AIDS issues and support

Archive for January, 2010

Dr. Jay Levy's CAF purified and characterized…

According to the patent for Dr. Jay Levy’s CAF, it has been
separated and characterized ! (Dr. Levy observed, almost a
decade ago, that CD8 cells from long-term non progressors
inhibit RT in vitro. He believes that ‘CAF’, and not the
chemokines  RANTES, MIP-1 alpha and MIP-1 beta, is
mainly responsible for this effect…

CD8.sup.+ cell antiviral factor (Assignee —
The Regents Of The University Of California)

 Source: MicroPatent

 MicroPatent: Abstract: A protein secreted by peripheral blood
mononuclear cells and specifically from CD8.sup.+
lyphocytes is purified and characterized here and designated CD8.sup.+

cell antiviral factor (CAF). The CAF is lipid free, has a molecular
weight of less than 30,000 and has been found to inhibit the
replication of retroviruses and in particular to inhibit the
replication of HIV-1, HIV-2, and SIV. CAF can be used to inhibit viral

RNA transcription which inhibits viral replication. Accordingly, CAF
can be used to treat patients infected with retroviruses. The CAF can
also generate antibodies which can be used to create assay reagents
for detecting CAF in a body fluid and on the surface of CD8.sup.+
cells to determine the condition of an HIV infected individual.

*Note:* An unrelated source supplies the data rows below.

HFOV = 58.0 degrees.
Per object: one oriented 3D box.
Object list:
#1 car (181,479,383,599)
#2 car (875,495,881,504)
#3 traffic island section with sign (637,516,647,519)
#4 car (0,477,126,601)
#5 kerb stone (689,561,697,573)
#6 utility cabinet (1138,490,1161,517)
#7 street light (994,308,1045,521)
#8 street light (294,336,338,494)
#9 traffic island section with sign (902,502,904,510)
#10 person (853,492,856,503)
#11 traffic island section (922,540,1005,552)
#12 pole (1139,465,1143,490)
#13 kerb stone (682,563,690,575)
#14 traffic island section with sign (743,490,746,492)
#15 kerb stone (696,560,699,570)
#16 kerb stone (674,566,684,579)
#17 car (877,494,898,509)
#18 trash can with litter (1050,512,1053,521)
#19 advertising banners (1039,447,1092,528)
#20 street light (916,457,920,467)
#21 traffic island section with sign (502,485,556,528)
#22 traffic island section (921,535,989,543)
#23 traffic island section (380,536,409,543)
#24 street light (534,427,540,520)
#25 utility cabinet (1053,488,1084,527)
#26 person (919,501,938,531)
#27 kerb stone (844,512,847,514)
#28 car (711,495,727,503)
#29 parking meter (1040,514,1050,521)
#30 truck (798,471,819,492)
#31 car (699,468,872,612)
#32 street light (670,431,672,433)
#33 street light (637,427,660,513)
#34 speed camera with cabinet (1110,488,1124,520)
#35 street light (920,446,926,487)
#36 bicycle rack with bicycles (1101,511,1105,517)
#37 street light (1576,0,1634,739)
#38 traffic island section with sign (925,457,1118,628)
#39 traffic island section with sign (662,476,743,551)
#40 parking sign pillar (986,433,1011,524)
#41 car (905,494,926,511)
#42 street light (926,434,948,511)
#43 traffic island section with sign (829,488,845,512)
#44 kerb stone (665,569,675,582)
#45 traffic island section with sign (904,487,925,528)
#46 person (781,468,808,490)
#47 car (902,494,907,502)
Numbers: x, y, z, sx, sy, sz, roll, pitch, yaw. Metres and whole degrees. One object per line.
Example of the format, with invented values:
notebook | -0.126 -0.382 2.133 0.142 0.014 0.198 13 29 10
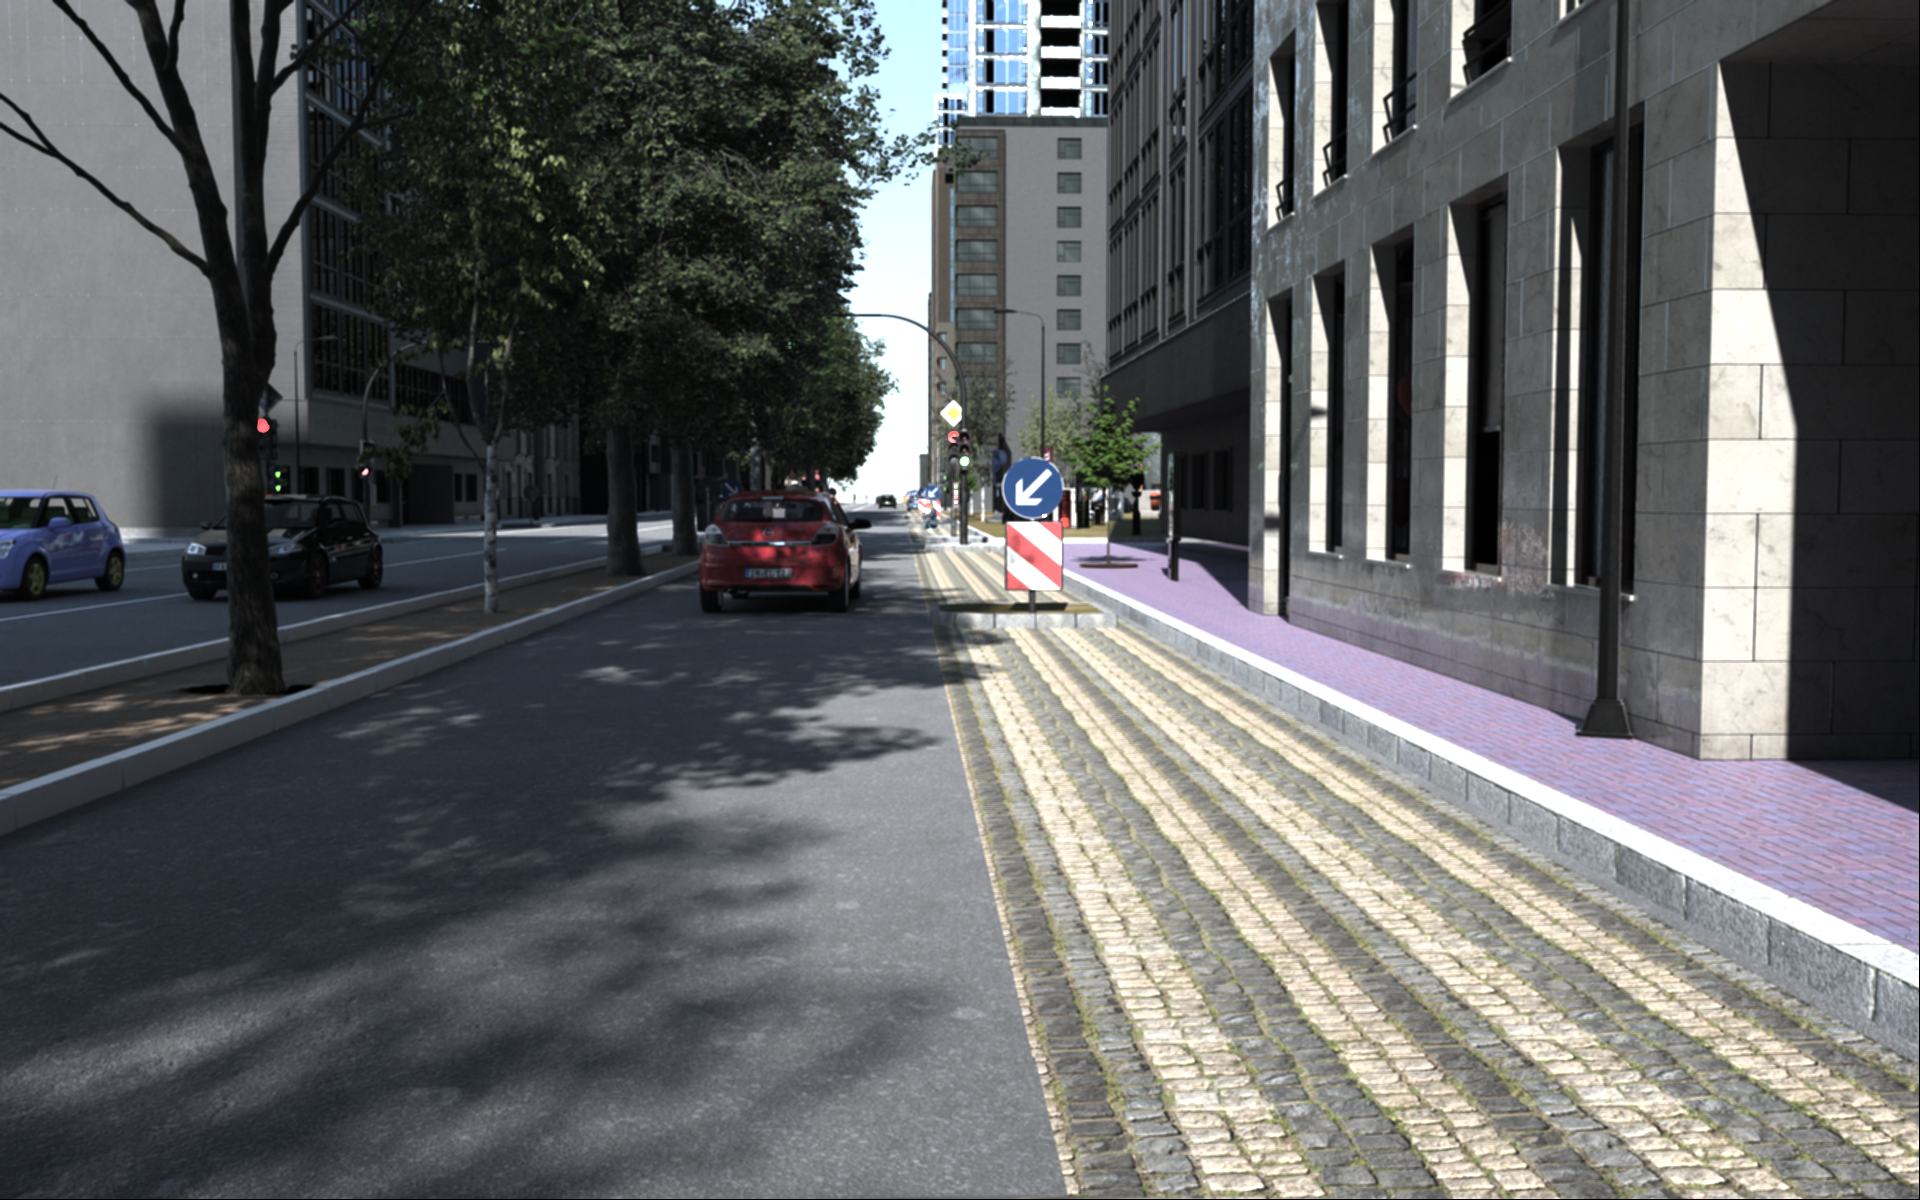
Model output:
car | -9.627 -0.919 24.806 2.009 1.686 4.222 0 4 -2
car | -11.325 -14.523 250.024 1.945 1.354 3.894 0 4 -3
traffic island section with sign | -19.371 -5.662 101.205 1.989 1.847 2.006 0 4 -2
car | -13.263 -0.899 24.289 1.945 1.707 3.694 0 4 -2
kerb stone | -4.943 -0.569 31.492 0.120 0.150 1.000 0 4 -2
utility cabinet | 10.242 -5.237 94.311 0.318 1.500 1.173 -3 5 -41
street light | 1.542 -4.340 43.494 1.470 5.913 1.316 0 4 -2
street light | -18.998 -4.804 51.083 1.470 5.913 1.316 0 4 -2
traffic island section with sign | -2.226 -5.628 100.641 1.989 1.847 2.006 0 4 -2
person | -16.451 -16.068 271.740 0.617 1.759 0.750 -3 5 -40
traffic island section | 0.111 -1.329 44.005 2.009 0.180 2.903 0 4 -2
pole | 10.624 -6.599 101.739 0.158 3.312 0.155 0 3 0
kerb stone | -4.908 -0.506 30.465 0.120 0.150 1.000 0 4 -2
traffic island section with sign | -22.107 -10.378 178.312 1.989 1.847 2.006 0 4 -2
kerb stone | -4.993 -0.627 32.513 0.120 0.150 1.000 0 4 -2
kerb stone | -4.862 -0.442 29.432 0.120 0.150 1.000 0 4 -2
car | -7.095 -9.768 169.500 2.009 1.686 4.222 0 4 -2
trash can with litter | 3.587 -3.409 67.120 1.055 1.170 0.624 0 4 -3
advertising banners | 3.941 -4.198 64.829 2.074 3.025 0.090 -1 4 -14
street light | -4.095 -14.107 203.190 1.470 5.913 1.316 0 4 -2
traffic island section with sign | -18.407 -4.006 74.124 1.989 1.847 2.006 0 4 -2
traffic island section | -0.171 -1.817 51.985 2.009 0.180 2.903 0 4 -2
traffic island section | -17.602 -1.780 51.376 2.009 0.180 2.903 0 4 -2
street light | -20.263 -6.876 84.968 1.470 5.913 1.316 0 4 -2
utility cabinet | 4.113 -3.494 65.799 1.173 1.500 0.318 0 4 2
person | -1.202 -3.276 67.564 0.738 1.151 1.012 0 4 -4
kerb stone | -8.259 -6.303 125.262 0.120 0.150 1.000 0 4 -2
car | -10.365 -4.011 77.577 2.014 1.417 4.499 0 4 -1
parking meter | 2.747 -3.072 55.938 0.255 1.863 0.399 0 4 -5
truck | -14.786 -11.400 175.308 2.839 4.237 11.283 0 4 -3
car | -2.247 -0.820 22.448 2.155 1.783 4.494 0 3 0
street light | -21.760 -9.483 127.590 1.470 5.913 1.316 0 4 -2
street light | -21.468 -8.949 118.855 1.470 5.913 1.316 0 4 -2
speed camera with cabinet | 7.763 -5.648 86.682 0.660 3.252 2.038 1 4 15
street light | -2.898 -12.012 168.932 1.470 5.913 1.316 0 4 -2
bicycle rack with bicycles | 7.032 -4.986 94.900 2.852 0.926 2.925 -2 4 -35
street light | 2.907 -2.232 9.037 1.470 5.913 1.316 0 4 -2
traffic island section with sign | 0.650 -0.653 19.304 1.989 1.847 2.006 0 4 -2
traffic island section with sign | -6.454 -2.194 44.013 2.006 1.907 1.989 0 4 -2
parking sign pillar | 1.844 -5.350 75.946 1.447 3.967 1.447 -1 4 -18
car | -3.530 -8.040 143.451 2.014 1.417 4.499 0 4 -3
street light | -1.678 -9.907 134.519 1.470 5.913 1.316 0 4 -2
traffic island section with sign | -9.374 -7.240 126.507 2.006 1.907 1.989 0 4 -2
kerb stone | -4.841 -0.380 28.408 0.120 0.150 1.000 0 4 -2
traffic island section with sign | -1.268 -3.980 73.703 1.989 1.847 2.006 0 4 -2
person | -2.998 -1.434 31.308 0.474 1.900 0.648 2 4 28
car | -7.918 -15.704 266.982 2.015 1.641 3.980 0 4 -3

 Ex Claim Text: A substantially pure composition of CD8+ cell
antiviral factor defined by the following characteristics: (i) blocks
viral replication by inhibiting viral RNA transcription; (ii) does not

affect CD4.sup.+ cell activation or proliferation; and (iii) is not a
cytokine selected from the group consisting of  IL-1, IL-2, IL-3,
IL-4, IL-5, IL-6, IL-7, IL-8, IL-9, IL-10, IL-12, G-CSF, GM-CSF,
TNF.alpha., TNF.beta., IFN.alpha., IFN.beta., IFN.gamma., and
 TGF.beta..

 Assignee: The Regents Of The University Of California

 Patent Number: 5565549

 Issue Date: 1996 10 15

 Inventor(s): Levy, Jay A.Mackewicz, Carl E.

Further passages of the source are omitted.